If microvias or blind/buried vias are enabled in the Constraints section of the Board Setup dialog, these vias can be placed while routing. Use the hotkey Ctrl+V to place a microvia and Alt+Shift+V to place a blind/buried via. Microvias may only be placed such that they connect one of the outer copper layers to an adjacent layer. Blind/buried vias may be placed on any layer.

Vias placed by the router are considered to be part of a routed track. This means that the via net can be updated automatically (just like track nets can), for example when updating the PCB from the schematic changes the net name of the track. In some cases this may not be desired, such as when creating stitching vias. The automatic update of via nets can be disabled for specific vias by turning off the "automatically update via nets" checkbox in the via properties dialog. Vias placed with the Add Free-standing Vias tool are created with this setting disabled.

Differential pairs in KiCad are defined as nets with a common base name and a positive and negative suffix. KiCad supports using + and -, or P and N as the suffix. For example, the nets USB+ and USB- form a differential pair, as do the nets USB_P and USB_N. In the first example, the base name is USB, and USB_ in the second. The suffix styles cannot be mixed: the nets USB+ and USB_N do not form a differential pair. Make sure you name your differential pair nets accordingly in the schematic in order to allow use of the differential pair router in the PCB editor.

To route a differential pair, select the Route Differential Pairs tool from the drawing toolbar, or use the hotkey 6. Click on a pad, via, or the end of an existing differential pair track to start routing. You can start routing from either the positive or negative net of a differential pair.

The differential pair router will attempt to route the pair of tracks with a gap taken from the design rules (differential pair gap can be configured in the Net Classes section of the Board Setup dialog, or by using custom design rules). If the starting or ending location of the route is a different distance apart from the configured gap, the router will create a short "fan out" section to minimize the length of track where the differential pair is not coupled.

When switching layers or using the Place Via (V) action, the differential pair router will create two vias next to each other. These vias will be placed as close as possible to each other while respecting the design rules for copper and hole-to-hole clearance.
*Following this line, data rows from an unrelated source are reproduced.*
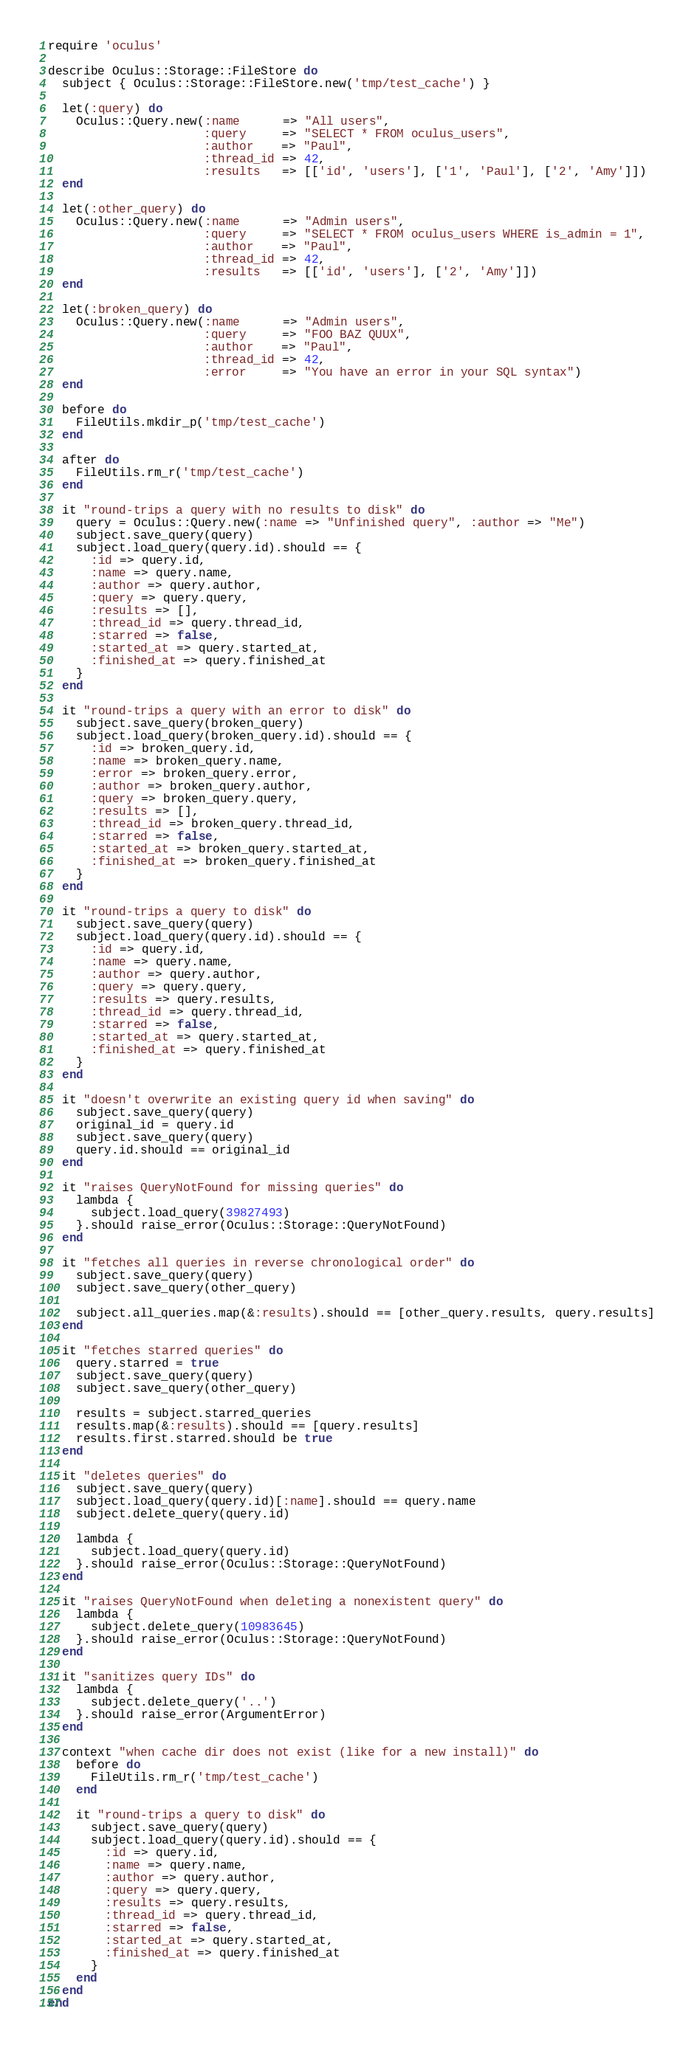Convert code to text. <code><loc_0><loc_0><loc_500><loc_500><_Ruby_>require 'oculus'

describe Oculus::Storage::FileStore do
  subject { Oculus::Storage::FileStore.new('tmp/test_cache') }

  let(:query) do
    Oculus::Query.new(:name      => "All users",
                      :query     => "SELECT * FROM oculus_users",
                      :author    => "Paul",
                      :thread_id => 42,
                      :results   => [['id', 'users'], ['1', 'Paul'], ['2', 'Amy']])
  end

  let(:other_query) do
    Oculus::Query.new(:name      => "Admin users",
                      :query     => "SELECT * FROM oculus_users WHERE is_admin = 1",
                      :author    => "Paul",
                      :thread_id => 42,
                      :results   => [['id', 'users'], ['2', 'Amy']])
  end

  let(:broken_query) do
    Oculus::Query.new(:name      => "Admin users",
                      :query     => "FOO BAZ QUUX",
                      :author    => "Paul",
                      :thread_id => 42,
                      :error     => "You have an error in your SQL syntax")
  end

  before do
    FileUtils.mkdir_p('tmp/test_cache')
  end

  after do
    FileUtils.rm_r('tmp/test_cache')
  end

  it "round-trips a query with no results to disk" do
    query = Oculus::Query.new(:name => "Unfinished query", :author => "Me")
    subject.save_query(query)
    subject.load_query(query.id).should == {
      :id => query.id,
      :name => query.name,
      :author => query.author,
      :query => query.query,
      :results => [],
      :thread_id => query.thread_id,
      :starred => false,
      :started_at => query.started_at,
      :finished_at => query.finished_at
    }
  end

  it "round-trips a query with an error to disk" do
    subject.save_query(broken_query)
    subject.load_query(broken_query.id).should == {
      :id => broken_query.id,
      :name => broken_query.name,
      :error => broken_query.error,
      :author => broken_query.author,
      :query => broken_query.query,
      :results => [],
      :thread_id => broken_query.thread_id,
      :starred => false,
      :started_at => broken_query.started_at,
      :finished_at => broken_query.finished_at
    }
  end

  it "round-trips a query to disk" do
    subject.save_query(query)
    subject.load_query(query.id).should == {
      :id => query.id,
      :name => query.name,
      :author => query.author,
      :query => query.query,
      :results => query.results,
      :thread_id => query.thread_id,
      :starred => false,
      :started_at => query.started_at,
      :finished_at => query.finished_at
    }
  end

  it "doesn't overwrite an existing query id when saving" do
    subject.save_query(query)
    original_id = query.id
    subject.save_query(query)
    query.id.should == original_id
  end

  it "raises QueryNotFound for missing queries" do
    lambda {
      subject.load_query(39827493)
    }.should raise_error(Oculus::Storage::QueryNotFound)
  end

  it "fetches all queries in reverse chronological order" do
    subject.save_query(query)
    subject.save_query(other_query)

    subject.all_queries.map(&:results).should == [other_query.results, query.results]
  end

  it "fetches starred queries" do
    query.starred = true
    subject.save_query(query)
    subject.save_query(other_query)

    results = subject.starred_queries
    results.map(&:results).should == [query.results]
    results.first.starred.should be true
  end

  it "deletes queries" do
    subject.save_query(query)
    subject.load_query(query.id)[:name].should == query.name
    subject.delete_query(query.id)

    lambda {
      subject.load_query(query.id)
    }.should raise_error(Oculus::Storage::QueryNotFound)
  end

  it "raises QueryNotFound when deleting a nonexistent query" do
    lambda {
      subject.delete_query(10983645)
    }.should raise_error(Oculus::Storage::QueryNotFound)
  end

  it "sanitizes query IDs" do
    lambda {
      subject.delete_query('..')
    }.should raise_error(ArgumentError)
  end

  context "when cache dir does not exist (like for a new install)" do
    before do
      FileUtils.rm_r('tmp/test_cache')
    end

    it "round-trips a query to disk" do
      subject.save_query(query)
      subject.load_query(query.id).should == {
        :id => query.id,
        :name => query.name,
        :author => query.author,
        :query => query.query,
        :results => query.results,
        :thread_id => query.thread_id,
        :starred => false,
        :started_at => query.started_at,
        :finished_at => query.finished_at
      }
    end
  end
end
</code> 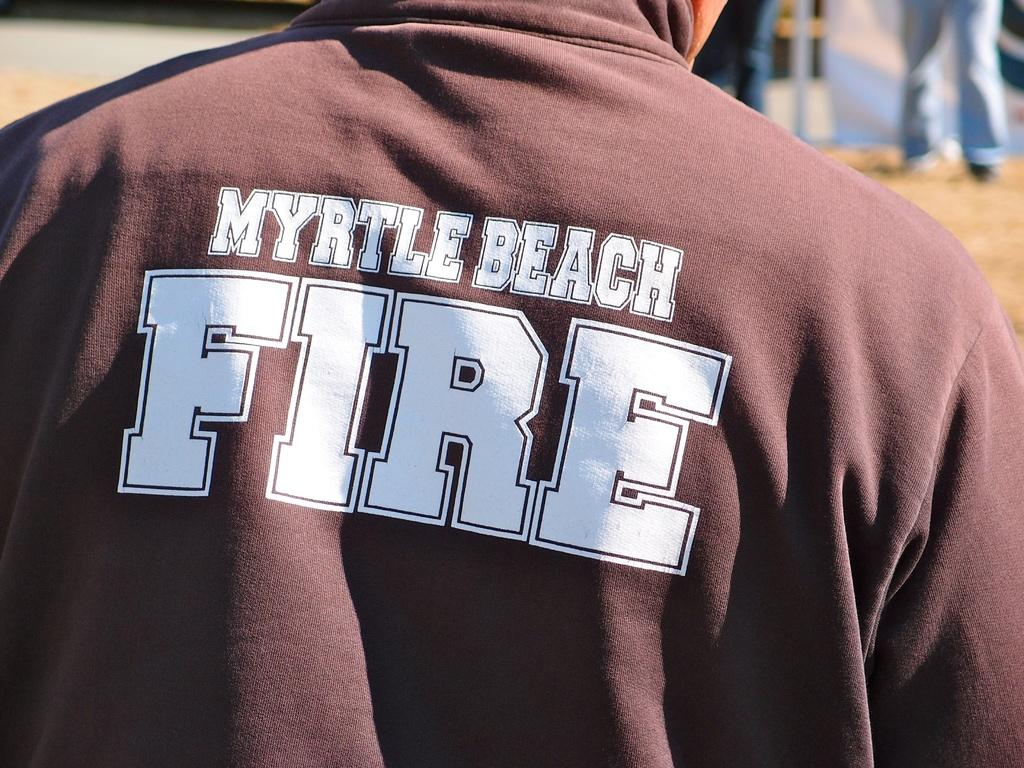Provide a one-sentence caption for the provided image. FIRE is written in big letters on the back of this person's shirt.

After tracks have been routed, they can be modified by moving or dragging, or deleted and re-routed. When a single track segment is selected, the hotkey U can be used to expand the selection to all connected track segments. The first press of U will select track segments between the nearest junctions with pads or vias. The second press of U will expand the selection again to include all track segments connected to the selected track on all layers. Selecting tracks with this technique can be used to quickly delete an entire routed net.

There are two different drag commands that can be used to modify a track segment. The Drag (45-degree mode) command, hotkey D, is used to drag tracks using the router. If the router mode is set to Shove, dragging with this command will shove nearby tracks. If the router mode is set to Walk Around, dragging with this command will walk around or stop at obstacles. The Drag Free Angle command, hotkey G, is used to split a track segment into two and drag the new corner to any location. Drag Free Angle behaves like the Highlight Collisions router mode: obstacles will not be avoided or shoved, only highlighted.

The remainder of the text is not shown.